Jennifer Reisch, Bojorquez’s attorney, announced the settlement Wednesday. Because the settlement is confidential, she said she could offer few details beyond the fact that ABM would open itself up to outside review.

“I hope it encourages other women to speak out,” she said at a public screening of the “Rape on the Night Shift” documentary Wednesday night. Reisch also said the settlement “speaks volumes” on the impact of the reporting project.

At the event, Bojorquez told a crowd that she spoke up so that other women wouldn’t have to endure what she did. Money won’t make things easier for her, she said. Bojorquez said the attack still feels like it happened yesterday.

“This doesn’t go away, from day to night,” she said.

Company officials didn’t immediately respond to a request for comment.

The Rape on the Night Shift investigation found that night shift janitors are easy targets for sexual abuse. They work alone, in empty buildings, late at night. On the occasions that women did come forward to report abuse, many said their employers turned a blind eye or retaliated.

The project uncovered accusations of abuse at companies large and small. ABM is the largest and most sophisticated. Unlike many fly-by-night operations, it has a paper trail. It also has deep enough pockets to offer victims recourse. The company has said its policies for sexual abuse are the gold standard in the industry.

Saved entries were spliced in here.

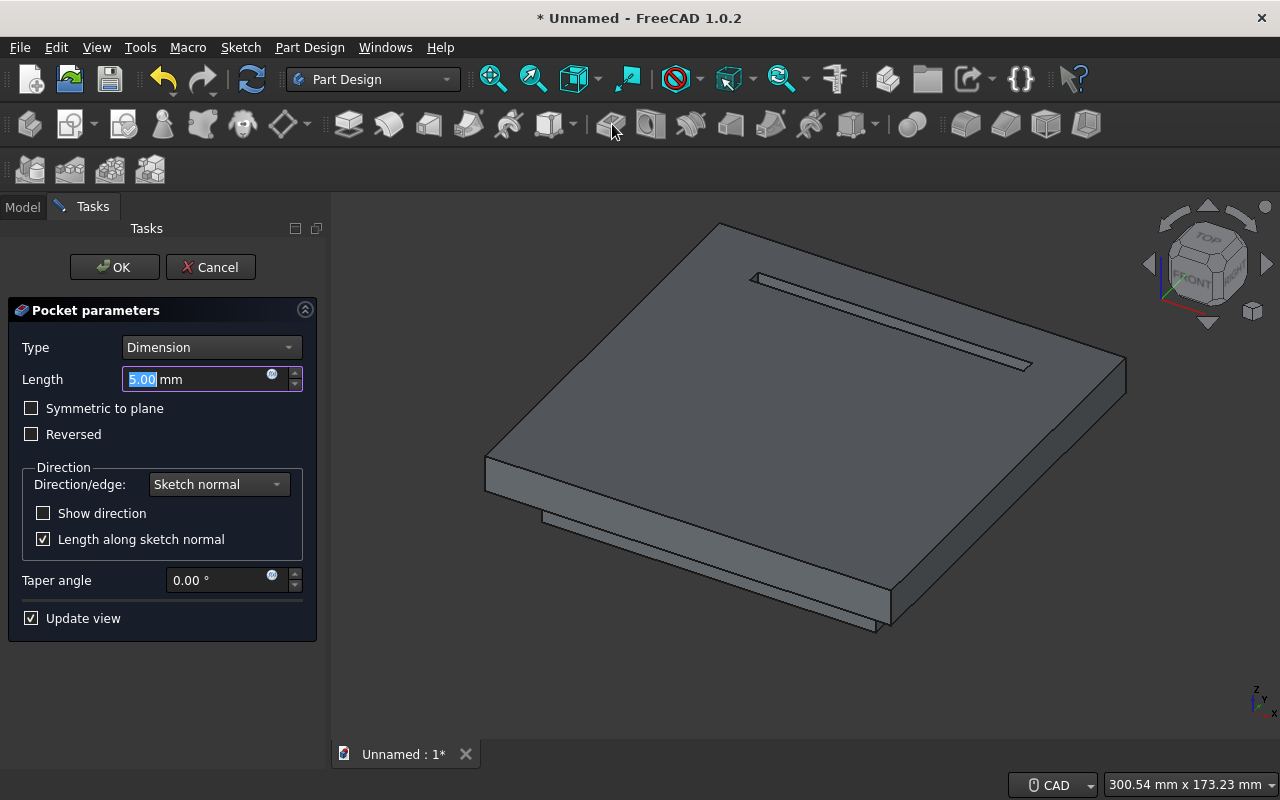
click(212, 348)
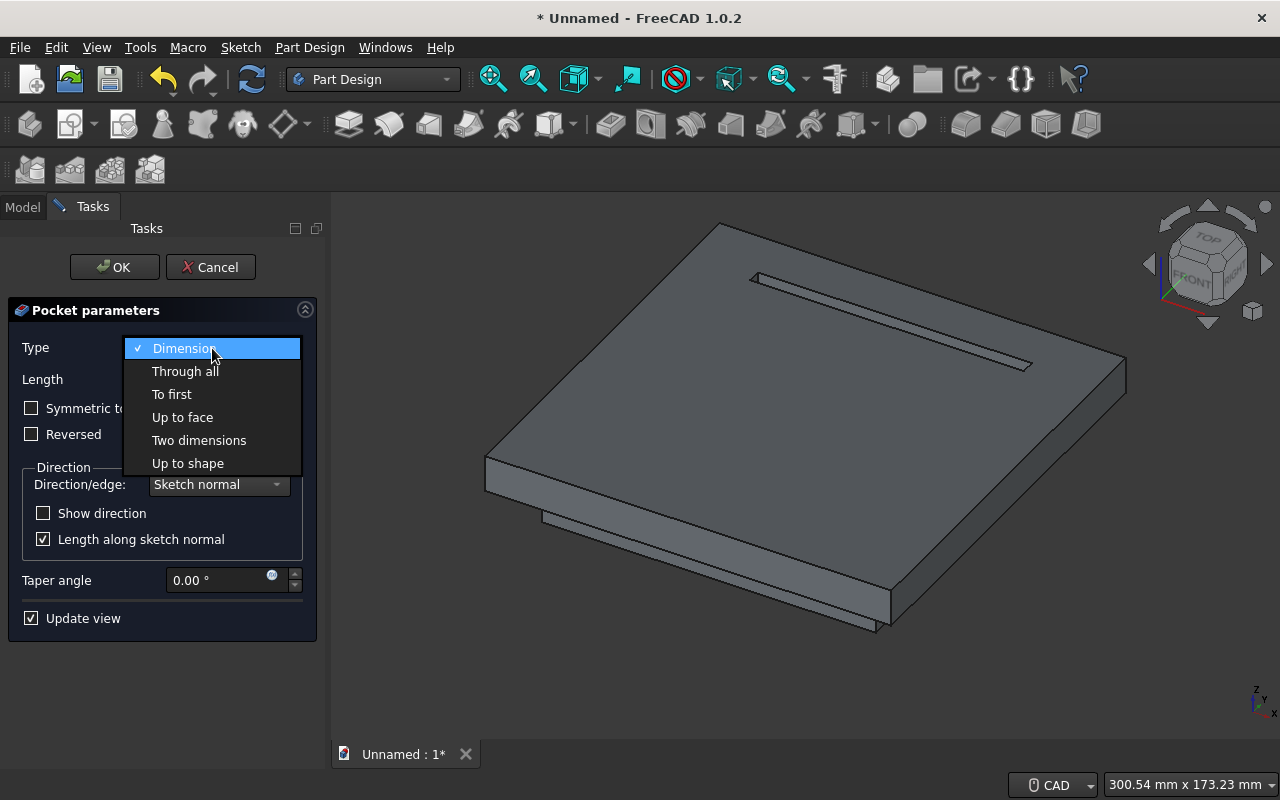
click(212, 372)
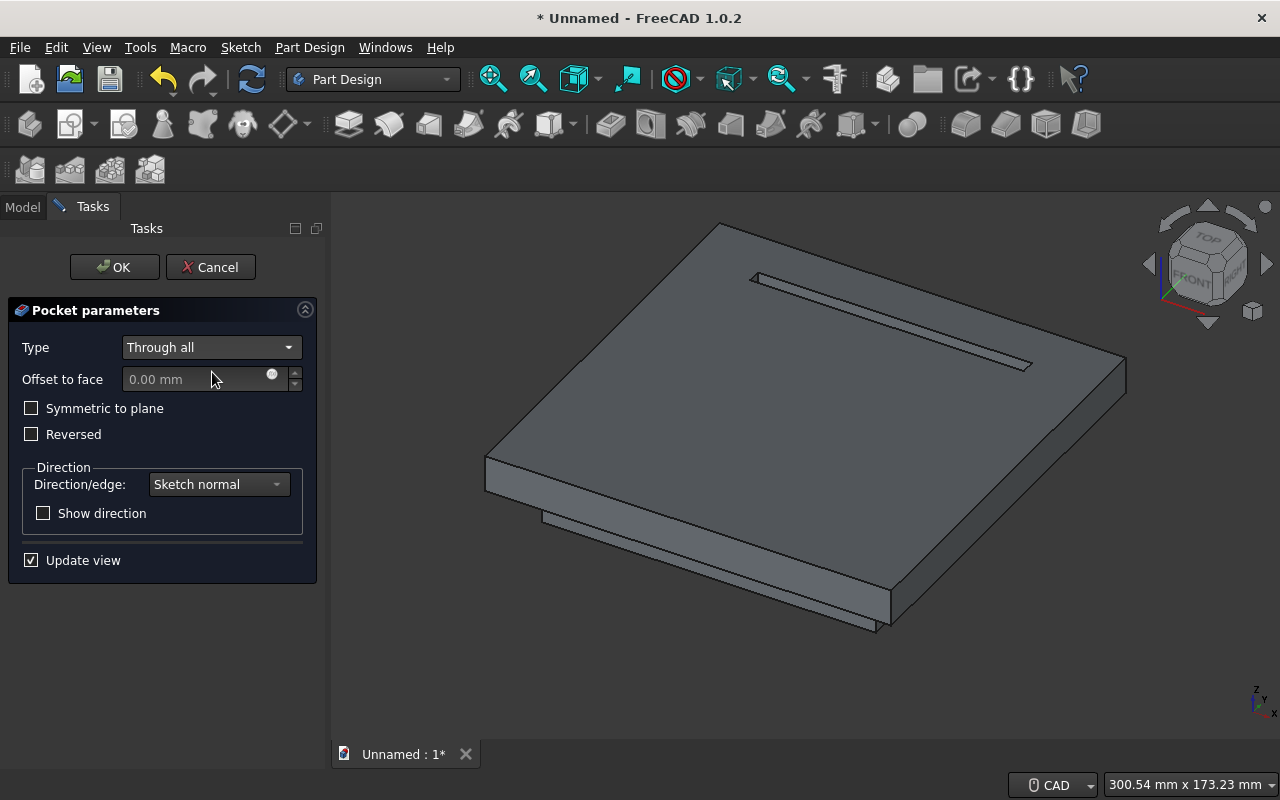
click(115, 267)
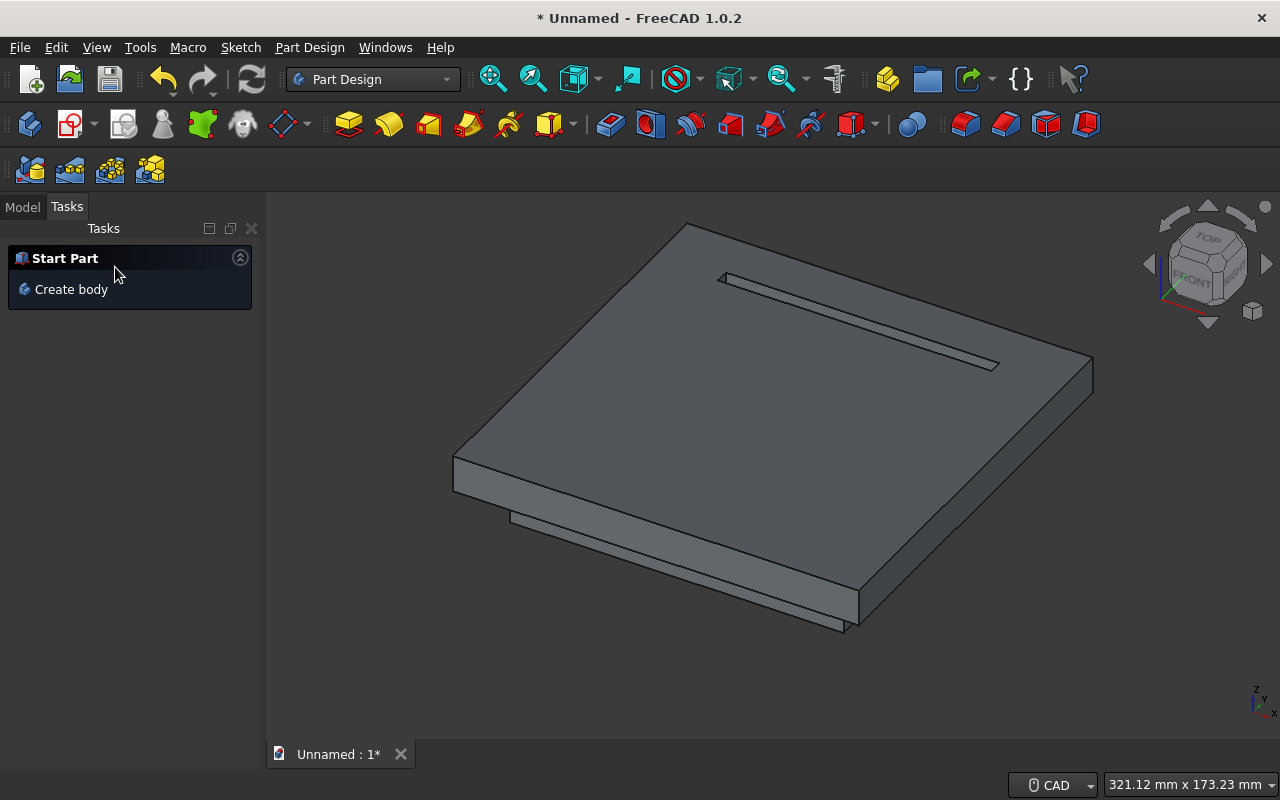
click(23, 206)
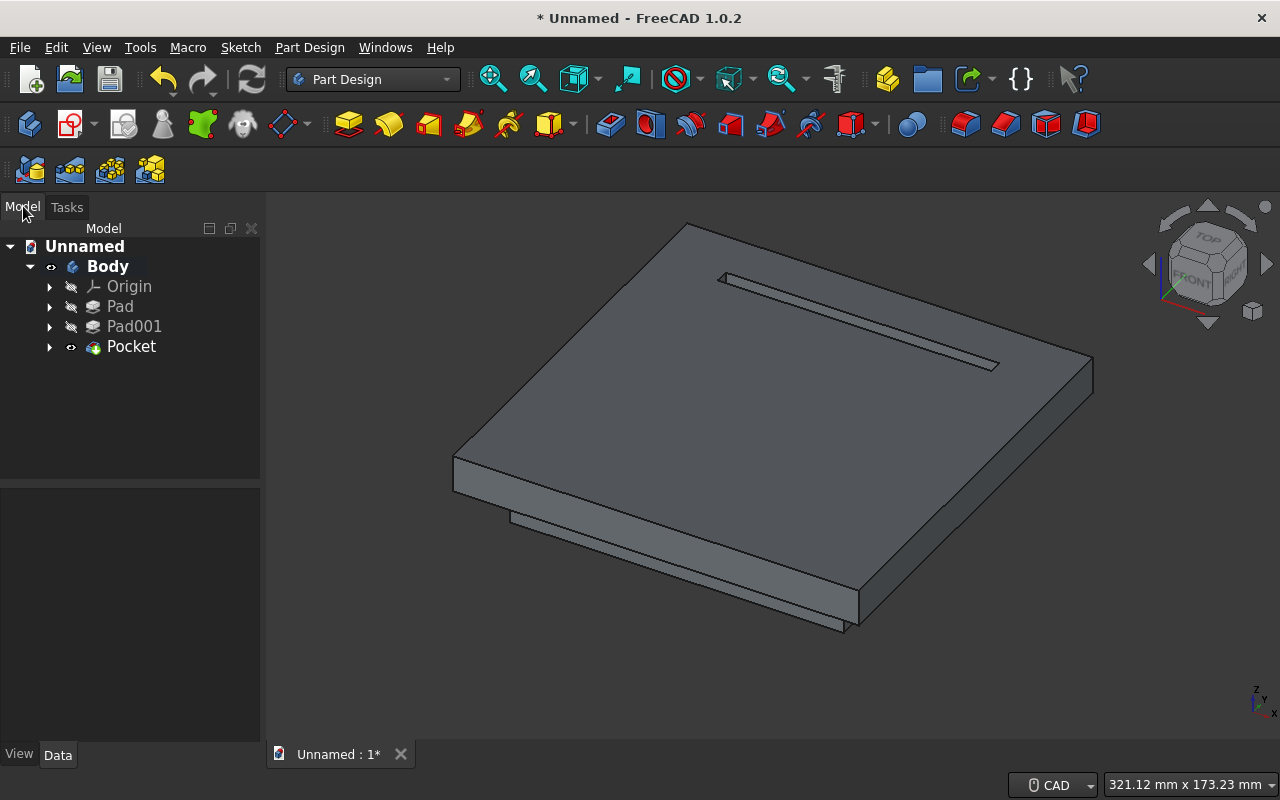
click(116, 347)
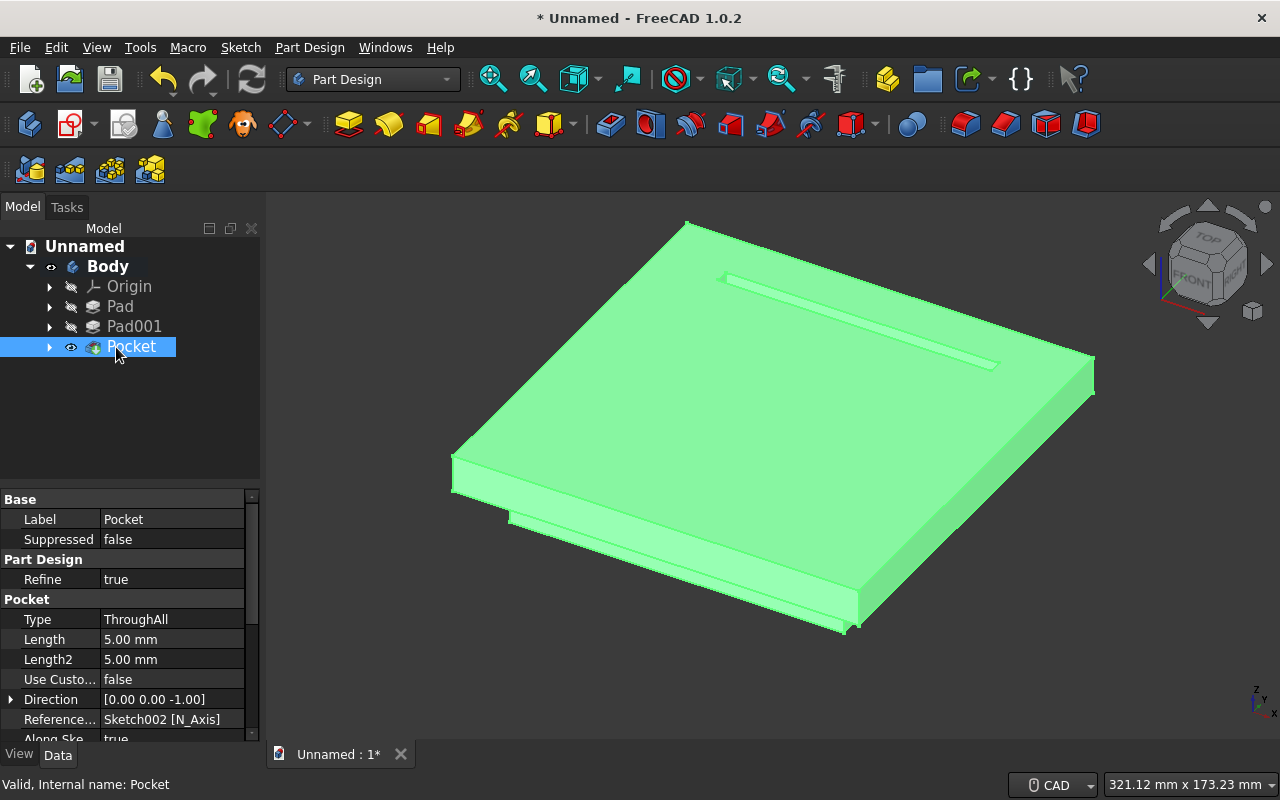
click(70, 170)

At the Wednesday event, Bill Tamayo, director of the San Francisco office of the U.S. Equal Employment Opportunity Commission, said Rape on the Night Shift – and the project that preceded it, Rape in the Fields, which addressed farmworker abuse – have given local law enforcement agencies a better appreciation that sexual abuse is a workplace violence issue.

“More police are looking at this and making arrests,” he said.